Task details:
List the lines of this listing that hold the word "drawing".

START Material for this task

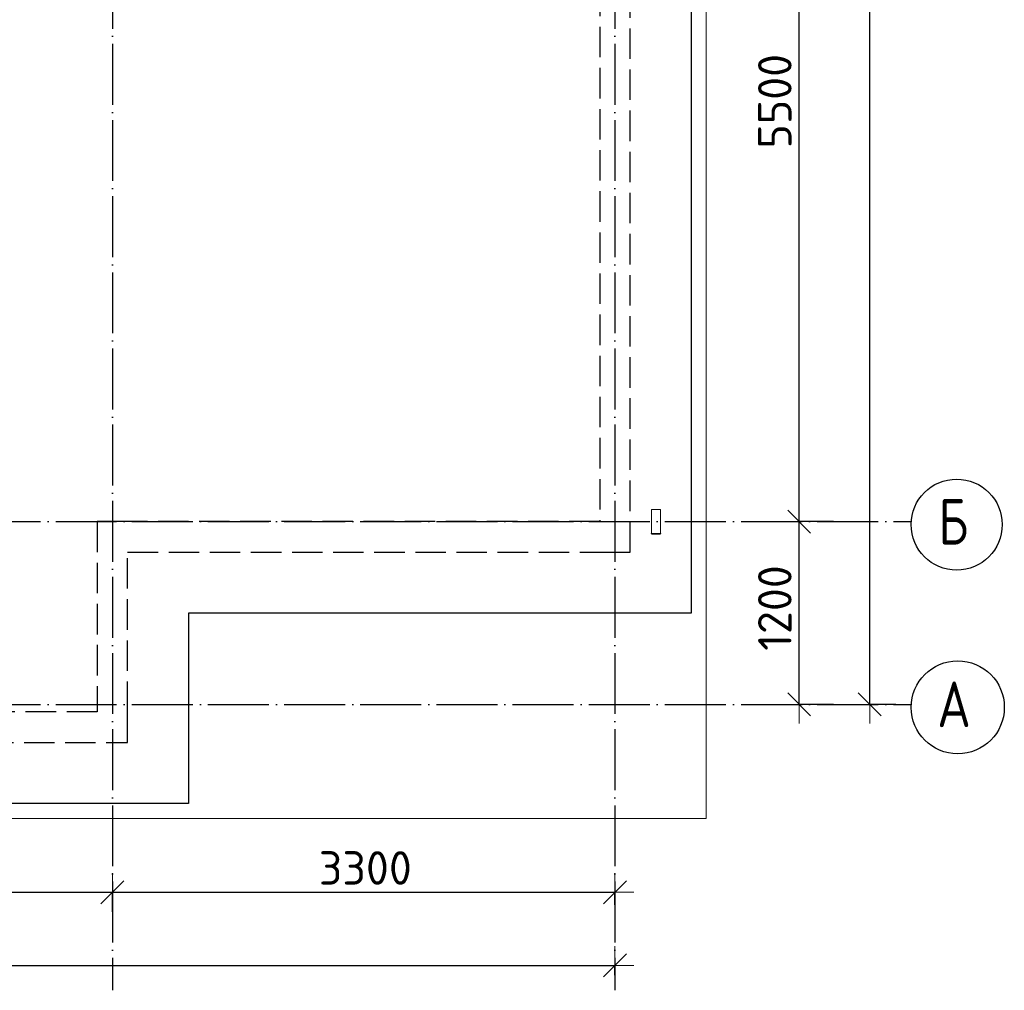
# Model space of a CAD drawing. Header units: millimetres. Extents: x 13527 to 139154, y -122592 to 61893.
# Tile 70 of 130: x 113471 to 119937, y -31878 to -25503. Entities that reach past the tile are written whole.
import ezdxf

# ---------------------------------------------------------------- set-up
doc = ezdxf.new("R2010")
doc.units = ezdxf.units.MM
doc.header["$PDMODE"] = 65
for name, pattern in [('______11', [500, 400, -50, 0, -50]), ('______2', [270, 200, -70]), ('______5', [1100, 800, -100, 100, -100])]:
    doc.linetypes.add(name, pattern=pattern)
for name, color, linetype, lineweight in [('Standard', 7, 'Continuous', 25), ('Размерная линия_ общее', 7, 'Continuous', 13), ('Стальная конструкция_ общее', 7, 'Continuous', 25), ('Стена_ общее', 7, 'Continuous', 35), ('Фундамент_ общее', 7, 'Continuous', 35)]:
    doc.layers.add(name, color=color, linetype=linetype, lineweight=lineweight)
doc.layers.add('Осевая линия_ общее', color=7, linetype='______5', lineweight=13, true_color=0xa0a0a0)
doc.styles.add('ISOCPEUR', font='isocpeur.ttf')
doc.dimstyles.new('DIMSTYLE_16', dxfattribs={"dimtxt": 220, "dimasz": 250, "dimexe": 0, "dimexo": 0, "dimgap": 110, "dimtad": 2, "dimdec": 0, "dimrnd": 1, "dimzin": 12, "dimdsep": 46, "dimtxsty": 'ISOCPEUR', "dimblk1": 'ALL_ML_STRICH', "dimblk2": 'ALL_ML_STRICH', "dimsah": 1, "dimcen": 0, "dimclrd": 7, "dimclre": 256, "dimclrt": 7, "dimadec": 0, "dimazin": 0, "dimtfac": 1, "dimtdec": 0, "dimtix": 1, "dimtmove": 2, "dimatfit": 3, "dimfxl": 0, "dimtzin": 0, "dimlwd": 0, "dimlwe": -3, "dimarcsym": 0})
doc.dimstyles.new('DIMSTYLE_5', dxfattribs={"dimtxt": 220, "dimasz": 250, "dimexe": 0, "dimexo": 0, "dimgap": 110, "dimtad": 2, "dimdec": 0, "dimrnd": 5, "dimzin": 12, "dimdsep": 46, "dimtxsty": 'ISOCPEUR', "dimblk1": 'ALL_ML_STRICH', "dimblk2": 'ALL_ML_STRICH', "dimsah": 1, "dimcen": 0, "dimclrd": 7, "dimclre": 256, "dimclrt": 7, "dimadec": 0, "dimazin": 0, "dimtfac": 1, "dimtdec": 0, "dimtix": 1, "dimtmove": 2, "dimatfit": 3, "dimfxl": 0, "dimtzin": 0, "dimlwd": 0, "dimlwe": -3, "dimarcsym": 0})

# ---------------------------------------------------------------- blocks, each defined once
blk = doc.blocks.new('СЛОЖНЫЙ_ОБЪЕКТ_2')
at = {"layer": 'Стена_ общее', "color": 9, "linetype": '______2', "lineweight": -3, "true_color": 0xc7c7c7, "transparency": 33554687}
for p, q in [((117480, -29000), (117480, -15900)), ((117280, -16100), (117280, -28800)), ((113980, -28800), (113980, -30050)), ((114180, -28800), (113980, -28800)), ((117280, -28800), (114180, -28800)), ((114180, -30050), (114180, -29000)), ((114180, -29000), (117280, -29000)), ((117280, -29000), (117480, -29000)), ((113980, -30050), (110260, -30050)), ((114180, -30250), (114180, -30050)), ((110260, -30250), (114180, -30250))]:
    blk.add_line(p, q, dxfattribs=at)
blk = doc.blocks.new('ALL_ML_STRICH')
at = {"color": 0, "linetype": 'ByBlock', "lineweight": -2}
for p, q in [((-0.3, -0.3), (0.3, 0.3)), ((0, -0.5), (0, 0.5)), ((-1, 0), (0.5, 0))]:
    blk.add_line(p, q, dxfattribs=at)
blk = doc.blocks.new('*D577')
at = {"layer": 'DEFPOINTS', "color": 7, "linetype": 'Continuous', "lineweight": 13, "transparency": 33554687}
for p in [(75300, -31714), (75300, -31773.9), (117380, -31877.9)]:
    blk.add_point(p, dxfattribs=at)
at = {"layer": 'Размерная линия_ общее', "color": 253, "linetype": 'Continuous', "lineweight": -2, "true_color": 0xa0a0a0, "transparency": 33554687}
for p, q in [((75300, -31714), (75300, -31714)), ((117380, -31777.9), (117380, -31714))]:
    blk.add_line(p, q, dxfattribs=at)
at = {"layer": 'Размерная линия_ общее', "color": 7, "linetype": 'Continuous', "lineweight": -2, "transparency": 33554687}
blk.add_line((75300, -31714), (117380, -31714), dxfattribs=at)
at = {"layer": 'Размерная линия_ общее', "color": 7, "linetype": 'Continuous', "lineweight": 13, "transparency": 33554687, "xscale": 250, "yscale": 250, "zscale": 250, "rotation": 180}
blk.add_blockref('ALL_ML_STRICH', (75300, -31714), dxfattribs=at)
at = {"layer": 'Размерная линия_ общее', "color": 7, "linetype": 'Continuous', "lineweight": 13, "transparency": 33554687, "xscale": 250, "yscale": 250, "zscale": 250}
blk.add_blockref('ALL_ML_STRICH', (117380, -31714), dxfattribs=at)
at = {"layer": 'Размерная линия_ общее', "color": 7, "linetype": 'Continuous', "lineweight": 13, "transparency": 33554687, "insert": (96340, -31554), "char_height": 220, "width": 1100, "attachment_point": 5, "style": 'ISOCPEUR'}
blk.add_mtext('\\A1;{42080}', dxfattribs=at)
blk = doc.blocks.new('*D588')
at = {"layer": 'DEFPOINTS', "color": 7, "linetype": 'Continuous', "lineweight": 13, "transparency": 33554687}
for p in [(110780, -31234.3), (114080, -31383), (110780, -31517.9)]:
    blk.add_point(p, dxfattribs=at)
at = {"layer": 'Размерная линия_ общее', "color": 253, "linetype": 'Continuous', "lineweight": -2, "true_color": 0xa0a0a0, "transparency": 33554687}
for p, q in [((110780, -31497.9), (110780, -31234.3)), ((114080, -31363), (114080, -31234.3))]:
    blk.add_line(p, q, dxfattribs=at)
at = {"layer": 'Размерная линия_ общее', "color": 7, "linetype": 'Continuous', "lineweight": -2, "transparency": 33554687}
blk.add_line((110780, -31234.3), (114080, -31234.3), dxfattribs=at)
at = {"layer": 'Размерная линия_ общее', "color": 7, "linetype": 'Continuous', "lineweight": 13, "transparency": 33554687, "xscale": 250, "yscale": 250, "zscale": 250, "rotation": 180}
blk.add_blockref('ALL_ML_STRICH', (110780, -31234.3), dxfattribs=at)
at = {"layer": 'Размерная линия_ общее', "color": 7, "linetype": 'Continuous', "lineweight": 13, "transparency": 33554687, "xscale": 250, "yscale": 250, "zscale": 250}
blk.add_blockref('ALL_ML_STRICH', (114080, -31234.3), dxfattribs=at)
at = {"layer": 'Размерная линия_ общее', "color": 7, "linetype": 'Continuous', "lineweight": 13, "transparency": 33554687, "insert": (112441, -31074.3), "char_height": 220, "width": 880, "attachment_point": 5, "style": 'ISOCPEUR'}
blk.add_mtext('\\A1;{3300}', dxfattribs=at)
blk = doc.blocks.new('*D589')
at = {"layer": 'DEFPOINTS', "color": 7, "linetype": 'Continuous', "lineweight": 13, "transparency": 33554687}
for p in [(114080, -31234.3), (117380, -31296.3), (114080, -31383)]:
    blk.add_point(p, dxfattribs=at)
at = {"layer": 'Размерная линия_ общее', "color": 253, "linetype": 'Continuous', "lineweight": -2, "true_color": 0xa0a0a0, "transparency": 33554687}
for p, q in [((114080, -31363), (114080, -31234.3)), ((117380, -31316.3), (117380, -31234.3))]:
    blk.add_line(p, q, dxfattribs=at)
at = {"layer": 'Размерная линия_ общее', "color": 7, "linetype": 'Continuous', "lineweight": -2, "transparency": 33554687}
blk.add_line((114080, -31234.3), (117380, -31234.3), dxfattribs=at)
at = {"layer": 'Размерная линия_ общее', "color": 7, "linetype": 'Continuous', "lineweight": 13, "transparency": 33554687, "xscale": 250, "yscale": 250, "zscale": 250, "rotation": 180}
blk.add_blockref('ALL_ML_STRICH', (114080, -31234.3), dxfattribs=at)
at = {"layer": 'Размерная линия_ общее', "color": 7, "linetype": 'Continuous', "lineweight": 13, "transparency": 33554687, "xscale": 250, "yscale": 250, "zscale": 250}
blk.add_blockref('ALL_ML_STRICH', (117380, -31234.3), dxfattribs=at)
at = {"layer": 'Размерная линия_ общее', "color": 7, "linetype": 'Continuous', "lineweight": 13, "transparency": 33554687, "insert": (115741, -31074.3), "char_height": 220, "width": 880, "attachment_point": 5, "style": 'ISOCPEUR'}
blk.add_mtext('\\A1;{3300}', dxfattribs=at)
blk = doc.blocks.new('*D590')
at = {"layer": 'DEFPOINTS', "color": 7, "linetype": 'Continuous', "lineweight": 13, "transparency": 33554687}
for p in [(118835.4, -28800), (118590, -30000), (118835.4, -30000)]:
    blk.add_point(p, dxfattribs=at)
at = {"layer": 'Размерная линия_ общее', "color": 253, "linetype": 'Continuous', "lineweight": -2, "true_color": 0xa0a0a0, "transparency": 33554687}
for p, q in [((118815.4, -28800), (118590, -28800)), ((118815.4, -30000), (118590, -30000))]:
    blk.add_line(p, q, dxfattribs=at)
at = {"layer": 'Размерная линия_ общее', "color": 7, "linetype": 'Continuous', "lineweight": -2, "transparency": 33554687}
blk.add_line((118590, -30000), (118590, -28800), dxfattribs=at)
at = {"layer": 'Размерная линия_ общее', "color": 7, "linetype": 'Continuous', "lineweight": 13, "transparency": 33554687, "xscale": 250, "yscale": 250, "zscale": 250}
for p, rotation in [((118590, -28800), 90), ((118590, -30000), 270)]:
    blk.add_blockref('ALL_ML_STRICH', p, dxfattribs=dict(at, rotation=rotation))
at = {"layer": 'Размерная линия_ общее', "color": 7, "linetype": 'Continuous', "lineweight": 13, "transparency": 33554687, "insert": (118430, -29367), "char_height": 220, "width": 880, "attachment_point": 5, "rotation": 90, "style": 'ISOCPEUR'}
blk.add_mtext('\\A1;{1200}', dxfattribs=at)
blk = doc.blocks.new('*D591')
at = {"layer": 'DEFPOINTS', "color": 7, "linetype": 'Continuous', "lineweight": 13, "transparency": 33554687}
for p in [(118835.4, -23300), (118590, -28800), (118835.4, -28800)]:
    blk.add_point(p, dxfattribs=at)
at = {"layer": 'Размерная линия_ общее', "color": 253, "linetype": 'Continuous', "lineweight": -2, "true_color": 0xa0a0a0, "transparency": 33554687}
for p, q in [((118815.4, -23300), (118590, -23300)), ((118815.4, -28800), (118590, -28800))]:
    blk.add_line(p, q, dxfattribs=at)
at = {"layer": 'Размерная линия_ общее', "color": 7, "linetype": 'Continuous', "lineweight": -2, "transparency": 33554687}
blk.add_line((118590, -28800), (118590, -23300), dxfattribs=at)
at = {"layer": 'Размерная линия_ общее', "color": 7, "linetype": 'Continuous', "lineweight": 13, "transparency": 33554687, "xscale": 250, "yscale": 250, "zscale": 250}
for p, rotation in [((118590, -23300), 90), ((118590, -28800), 270)]:
    blk.add_blockref('ALL_ML_STRICH', p, dxfattribs=dict(at, rotation=rotation))
at = {"layer": 'Размерная линия_ общее', "color": 7, "linetype": 'Continuous', "lineweight": 13, "transparency": 33554687, "insert": (118430, -26039), "char_height": 220, "width": 880, "attachment_point": 5, "rotation": 90, "style": 'ISOCPEUR'}
blk.add_mtext('\\A1;{5500}', dxfattribs=at)
blk = doc.blocks.new('*D595')
at = {"layer": 'DEFPOINTS', "color": 7, "linetype": 'Continuous', "lineweight": 13, "transparency": 33554687}
for p in [(119325.4, -14800), (119053, -30000), (119325.4, -30000)]:
    blk.add_point(p, dxfattribs=at)
at = {"layer": 'Размерная линия_ общее', "color": 253, "linetype": 'Continuous', "lineweight": -2, "true_color": 0xa0a0a0, "transparency": 33554687}
for p, q in [((119225.4, -14800), (119053, -14800)), ((119225.4, -30000), (119053, -30000))]:
    blk.add_line(p, q, dxfattribs=at)
at = {"layer": 'Размерная линия_ общее', "color": 7, "linetype": 'Continuous', "lineweight": -2, "transparency": 33554687}
blk.add_line((119053, -30000), (119053, -14800), dxfattribs=at)
at = {"layer": 'Размерная линия_ общее', "color": 7, "linetype": 'Continuous', "lineweight": 13, "transparency": 33554687, "xscale": 250, "yscale": 250, "zscale": 250}
for p, rotation in [((119053, -14800), 90), ((119053, -30000), 270)]:
    blk.add_blockref('ALL_ML_STRICH', p, dxfattribs=dict(at, rotation=rotation))
at = {"layer": 'Размерная линия_ общее', "color": 7, "linetype": 'Continuous', "lineweight": 13, "transparency": 33554687, "insert": (118893, -22367), "char_height": 220, "width": 1100, "attachment_point": 5, "rotation": 90, "style": 'ISOCPEUR'}
blk.add_mtext('\\A1;{15200}', dxfattribs=at)

msp = doc.modelspace()

# ---------------------------------------------------------------- linework, layer by layer
at = {"layer": 'Standard', "color": 7, "linetype": 'Continuous', "lineweight": 13, "transparency": 33554687}
msp.add_lwpolyline([(75100, -30750), (117980, -30750), (117980, -13560), (75100, -13560), (75100, -30750)], dxfattribs=at)
at = {"layer": 'Осевая линия_ общее', "color": 253, "linetype": '______11', "lineweight": -3, "true_color": 0xa0a0a0, "transparency": 33554687}
for p, q in [((114080, -13660), (114080, -31877.9)), ((117380, -13660), (117380, -31877.9)), ((75200, -28800), (119325.4, -28800)), ((75200, -30000), (119325.4, -30000))]:
    msp.add_line(p, q, dxfattribs=at)
at = {"layer": 'Осевая линия_ общее', "color": 7, "linetype": 'Continuous', "lineweight": -3, "transparency": 33554687}
for centre, radius in [((119624.1, -28819.5), 298.8), ((119631.2, -30019.5), 305.8)]:
    msp.add_circle(centre, radius, dxfattribs=at)
at = {"layer": 'Стальная конструкция_ общее', "color": 253, "linetype": '______2', "lineweight": 18, "true_color": 0xababab, "transparency": 33554687}
for p, q in [((117620, -28876.9), (117620, -28720)), ((117620, -28720), (117680, -28720)), ((117620, -28876.9), (117620, -28720)), ((117620, -28720), (117680, -28720)), ((117680, -28720), (117680, -28876.9)), ((117680, -28720), (117680, -28876.9))]:
    msp.add_line(p, q, dxfattribs=at)
at = {"layer": 'Стальная конструкция_ общее', "color": 7, "linetype": 'Continuous', "lineweight": 25, "transparency": 33554687}
for p, q in [((117620, -28880), (117620, -28876.9)), ((117620, -28876.9), (117680, -28876.9)), ((117620, -28880), (117620, -28876.9)), ((117620, -28876.9), (117680, -28876.9)), ((117620, -28880), (117680, -28880)), ((117620, -28880), (117680, -28880)), ((117680, -28876.9), (117680, -28880)), ((117680, -28876.9), (117680, -28880))]:
    msp.add_line(p, q, dxfattribs=at)
at = {"layer": 'Фундамент_ общее', "color": 7, "lineweight": 25, "transparency": 33554687}
for p, q in [((117880, -15500), (117880, -29400)), ((114580, -29400), (114580, -30650)), ((117880, -29400), (114580, -29400)), ((114580, -30650), (109660, -30650))]:
    msp.add_line(p, q, dxfattribs=at)
at = {"layer": 'Фундамент_ общее', "color": 7, "linetype": 'Continuous', "lineweight": 25, "transparency": 33554687}
for p, q in [((117880, -15500), (117880, -29400)), ((114580, -29400), (114580, -30650)), ((117880, -29400), (114580, -29400)), ((114580, -30650), (109660, -30650))]:
    msp.add_line(p, q, dxfattribs=at)

# ---------------------------------------------------------------- block references
at = {"layer": 'Стена_ общее', "color": 9, "linetype": '______2', "lineweight": -3, "true_color": 0xc7c7c7, "transparency": 33554687}
msp.add_blockref('СЛОЖНЫЙ_ОБЪЕКТ_2', (0, 0), dxfattribs=at)

# ---------------------------------------------------------------- texts
at = {"layer": 'Осевая линия_ общее', "color": 7, "linetype": 'Continuous', "lineweight": -3, "transparency": 33554687, "char_height": 300, "attachment_point": 7, "style": 'ISOCPEUR'}
for s, insert, width in [('\\W0.80;Б', (119504.1, -28950), 359.833), ('\\W0.82;А', (119496.2, -30150), 392.646)]:
    msp.add_mtext(s, dxfattribs=dict(at, insert=insert, width=width))

# ---------------------------------------------------------------- dimensions: what is measured, and where the dimension line sits
at = {"layer": 'Размерная линия_ общее', "color": 7, "linetype": 'Continuous', "lineweight": 13, "transparency": 33554687}
for base, p1, p2, dimstyle, picture, middle in [((119053, -14800), (119225.4, -30000), (119225.4, -14800), 'DIMSTYLE_16', '*D595', (118893, -22367)), ((118590, -23300), (118815.4, -28800), (118815.4, -23300), 'DIMSTYLE_5', '*D591', (118430, -26039)), ((118590, -28800), (118815.4, -30000), (118815.4, -28800), 'DIMSTYLE_5', '*D590', (118430, -29367))]:
    dim = msp.add_linear_dim(base=base, p1=p1, p2=p2, angle=90, dimstyle=dimstyle, override={"dimpost": '<>', "dimclrd": 7, "dimclre": 253, "dimclrt": 7, "dimlwd": 0, "dimlwe": 65533}, dxfattribs=at)
    dim.commit()
    dim.dimension.update_dxf_attribs({"geometry": picture, "text_midpoint": middle, "dimtype": 160})
for base, p1, p2, dimstyle, picture, middle in [((114080, -31234.3), (110780, -31497.9), (114080, -31363), 'DIMSTYLE_5', '*D588', (112441, -31074.3)), ((117380, -31234.3), (114080, -31363), (117380, -31316.3), 'DIMSTYLE_5', '*D589', (115741, -31074.3)), ((117380, -31714), (75300, -31714), (117380, -31777.9), 'DIMSTYLE_16', '*D577', (96340, -31554))]:
    dim = msp.add_linear_dim(base=base, p1=p1, p2=p2, dimstyle=dimstyle, override={"dimpost": '<>', "dimclrd": 7, "dimclre": 253, "dimclrt": 7, "dimlwd": 0, "dimlwe": 65533}, dxfattribs=at)
    dim.commit()
    dim.dimension.update_dxf_attribs({"geometry": picture, "text_midpoint": middle, "dimtype": 160})

doc.saveas('drawing.dxf')

END Material for this task

Task answer:
# Model space of a CAD drawing. Header units: millimetres. Extents: x 13527 to 139154, y -122592 to 61893.
doc.saveas('drawing.dxf')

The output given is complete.